Abstract
BACKGROUND: It is unclear whether data-driven machine learning models, which are trained on large epidemiological cohorts, may improve prediction of co-morbidities in people living with HIV.
METHODS: In this proof-of-concept study, we included people living with HIV of the prospective Swiss HIV Cohort Study with a first estimated glomerular filtration rate (eGFR) >60 ml/min/1.73 m2 after January 1, 2002. Our primary outcome was chronic kidney disease (CKD) ─ defined as confirmed decrease in eGFR ≤60 ml/min/1.73 m2 over three months apart. We split the cohort data into a training set (80%), validation set (10%), and test set (10%) ─ stratified for CKD status and follow-up length.

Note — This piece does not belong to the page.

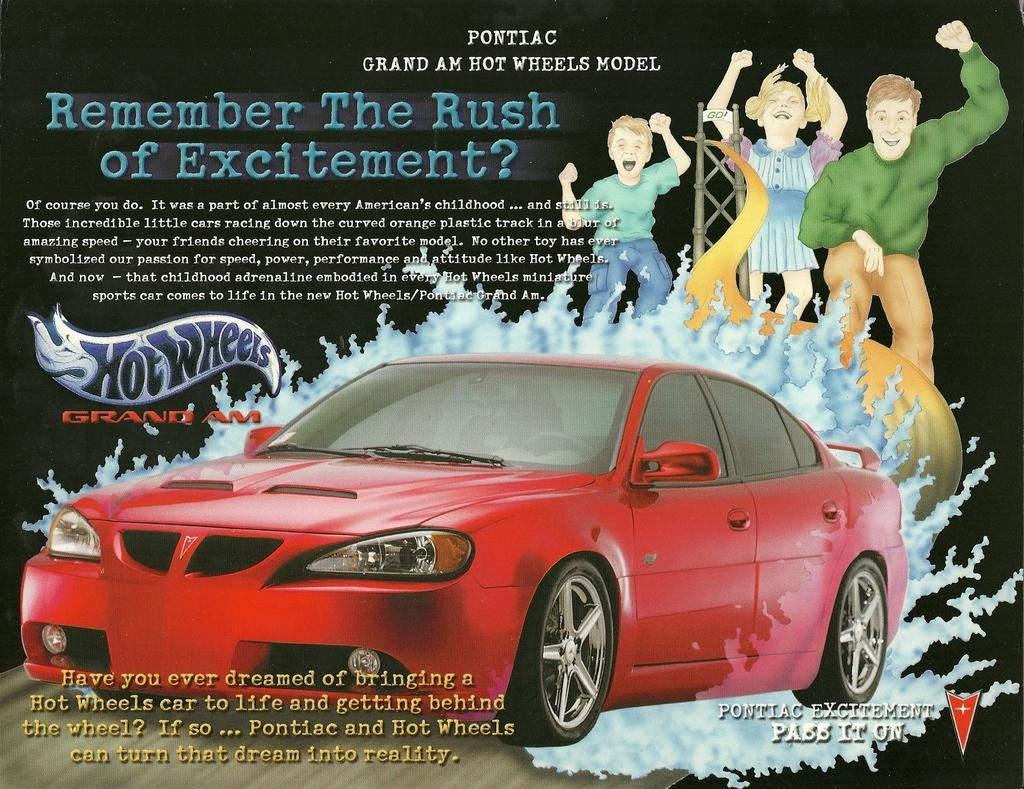What is featured on the poster in the image? There is a poster in the image that contains a red color car. What else can be seen on the poster besides the car? There is text on the poster and cartoon images of persons. What type of pain is the person experiencing in the image? There is no person experiencing pain in the image, as it only features a poster with a red car, text, and cartoon images of persons. 
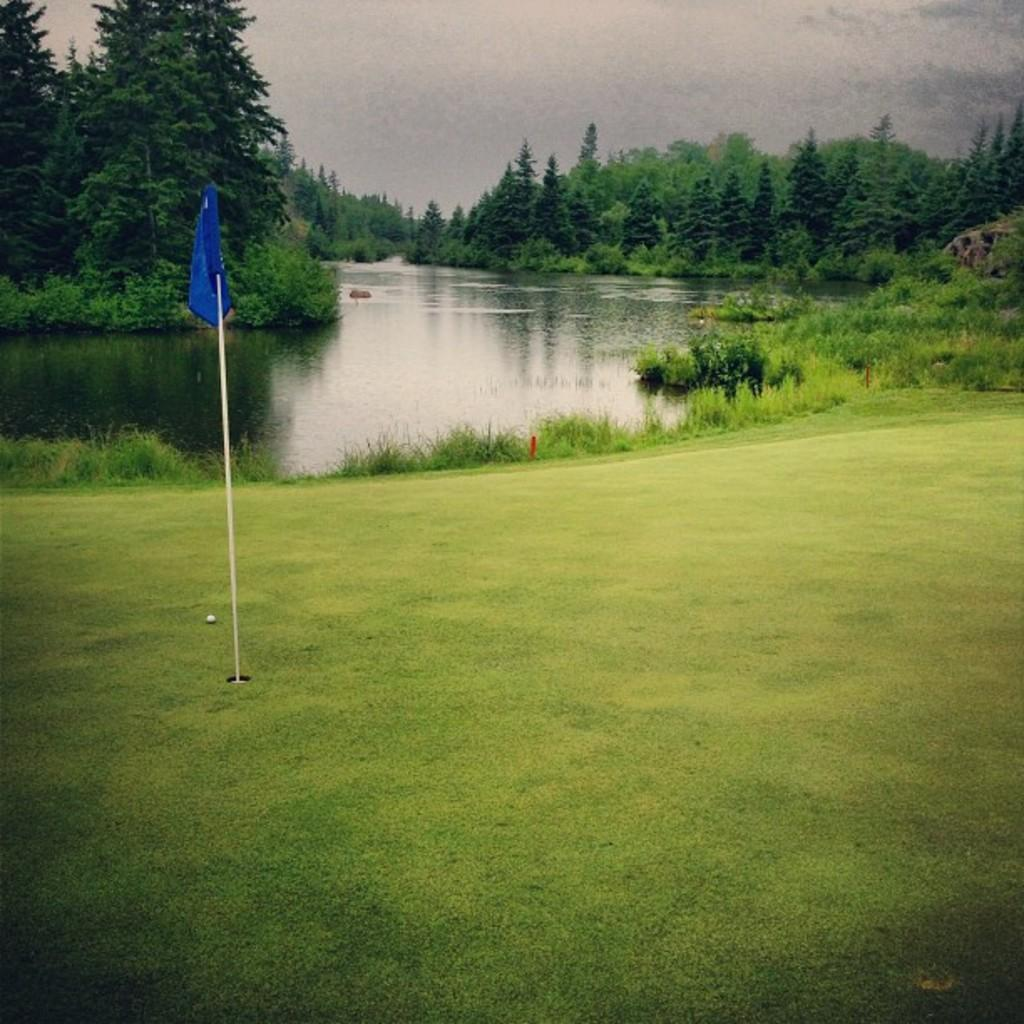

RESULTS: Of 12,761 eligible individuals (median baseline eGFR, 103 ml/min/1.73 m2), 1,192 (9%) developed a CKD after a median of eight years. We used 64 static and 502 time-changing variables: Across prediction horizons and algorithms and in contrast to expert-based standard models, most machine learning models achieved state-of-the-art predictive performances with areas under the receiver operating characteristic curve and precision recall curve ranging from 0.926 to 0.996 and from 0.631 to 0.956, respectively.
CONCLUSIONS: In people living with HIV, we observed state-of-the-art performances in forecasting individual CKD onsets with different machine learning algorithms.